Working on prevention is not easy because nephrologists across the world have only assumptions to go by. “There is a lot of hypothesis that agrochemicals and contaminated water could be likely causes. While we do not have evidence to prove this, the public health system is trying to intervene through some preventive measures,” he says. Local government officials involved in the campaign now focus on providing good quality drinking water, raising awareness about the risk of dehydration and ensuring supervised use of agrochemicals and fertilisers.

Science writer Nalaka Gunawardene, who has been commenting on CKDu, observes that while the government’s current efforts in responding to what has become a “slow national tragedy” merits recognition, it should not take hasty decisions on regulating the use of agrochemicals. “There are more than 30 hypotheses on the causes of CKDu, but the environment lobby has cherry-picked one or two possible causes,” he says. Emphasising that the regulation of agrochemicals be done on its own terms, he says it was crucially linked to the country’s food security and farmers’ income security. “We should slowly wean agriculture from agrochemicals,” he says, adding that meanwhile Sri Lanka needed to expand its resources, and build on available expertise.

Given all the challenges, Sri Lanka has come a long way in responding to CKDu, doctors say. In the mid-1990s when the cases first emerged, the government hospital in Anuradhapura, in the North Central Province, did not have a renal care unit, recalls Asanga Ranasinghe, National Coordinator for Kidney Disease Prevention and Research, Ministry of Health. “But now there is a 9-storey building with a special renal unit,” the senior public health official says.

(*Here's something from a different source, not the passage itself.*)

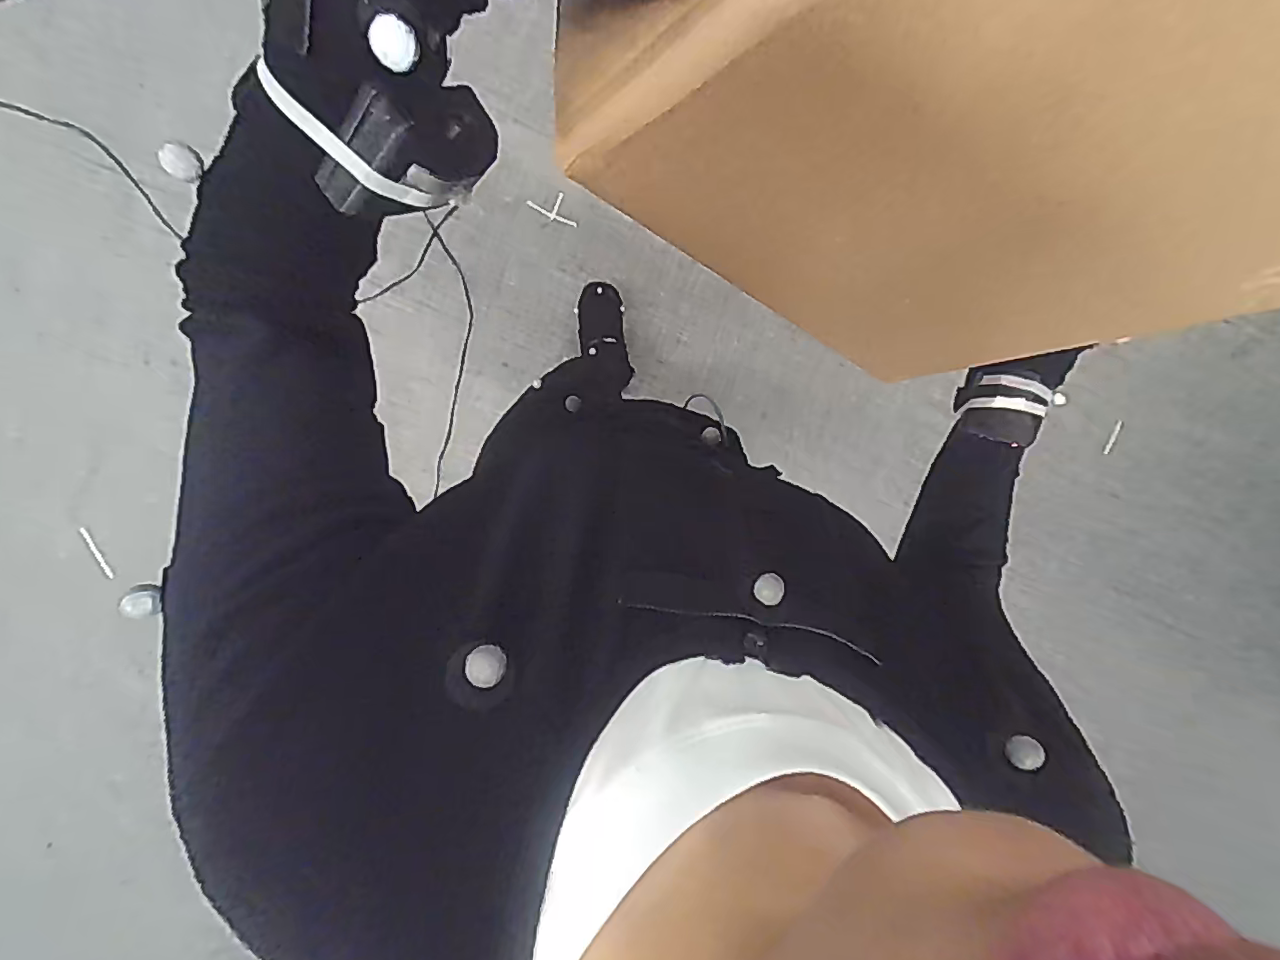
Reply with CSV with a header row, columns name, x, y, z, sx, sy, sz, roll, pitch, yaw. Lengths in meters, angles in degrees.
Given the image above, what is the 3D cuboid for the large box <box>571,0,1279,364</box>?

“The concrete etiology [medical cause] is yet to be found, but if we wait until scientific symptoms manifest, a patient might have already lost up to 60 per cent of his kidney function by then,” Dr. Ranasinghe says, pointing to the government’s current thrust on early detection. There is no cure but timely diagnosis and dialysis could help prolong kidney function.

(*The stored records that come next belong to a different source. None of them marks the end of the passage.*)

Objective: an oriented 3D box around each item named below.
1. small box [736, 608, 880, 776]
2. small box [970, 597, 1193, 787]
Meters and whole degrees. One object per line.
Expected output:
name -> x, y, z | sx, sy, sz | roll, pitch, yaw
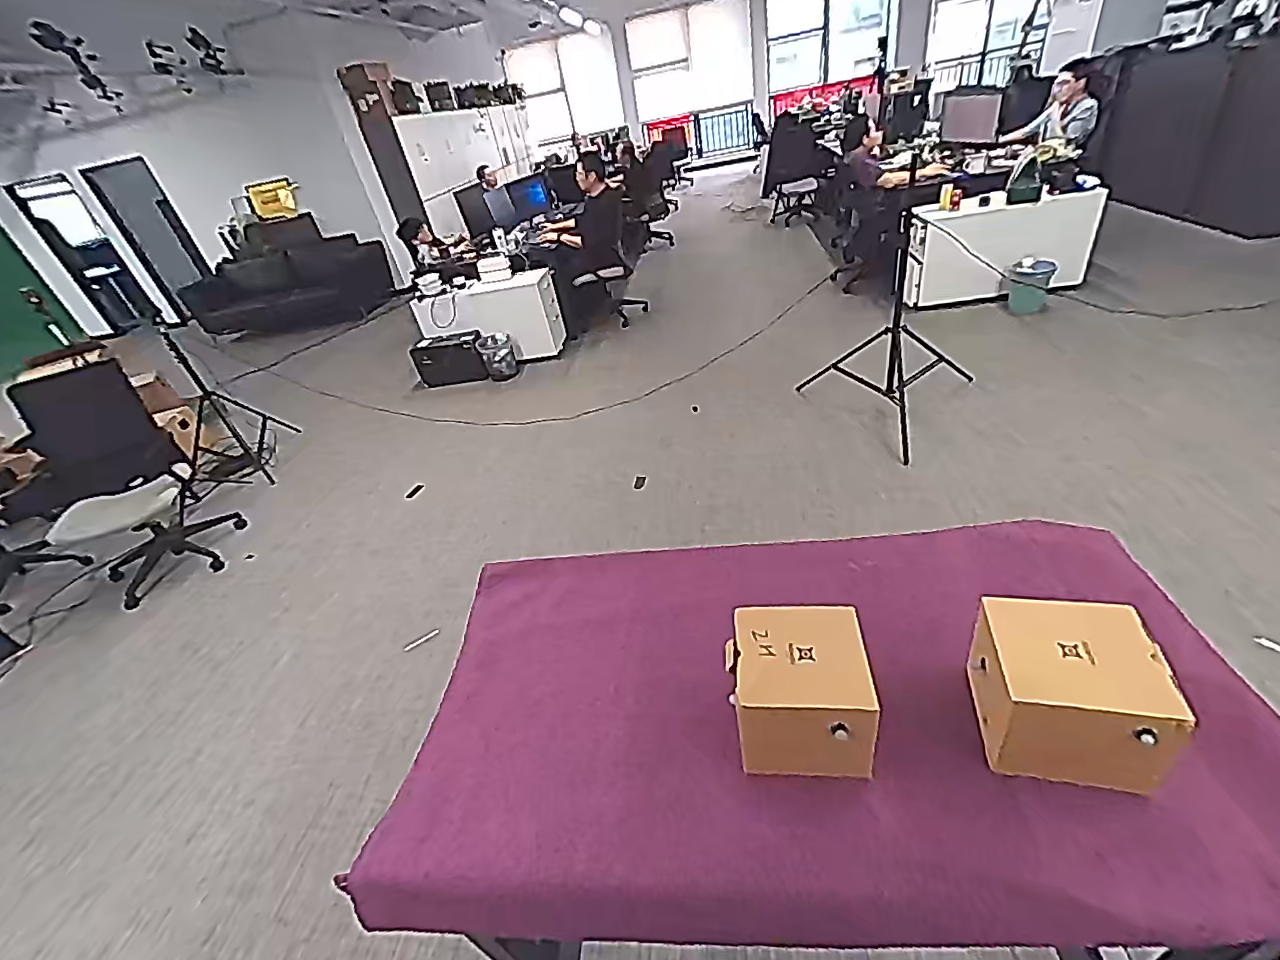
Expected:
small box -> 0.233, 0.305, 0.783 | 0.179, 0.176, 0.168 | -4, 34, 12
small box -> 0.556, 0.278, 0.717 | 0.179, 0.176, 0.168 | 0, 36, 18

Apart from facilities for regular screening, the Sri Lankan government embarked on an initiative to provide purified water to endemic areas. “We have covered almost 97 per cent now,” he says.

The Health Ministry has begun sensitising its officials in every district to the condition. “We are also training our public health workers at the grass-roots level. Our public health infrastructure is gearing up in a big way,” Dr. Ranasinghe says.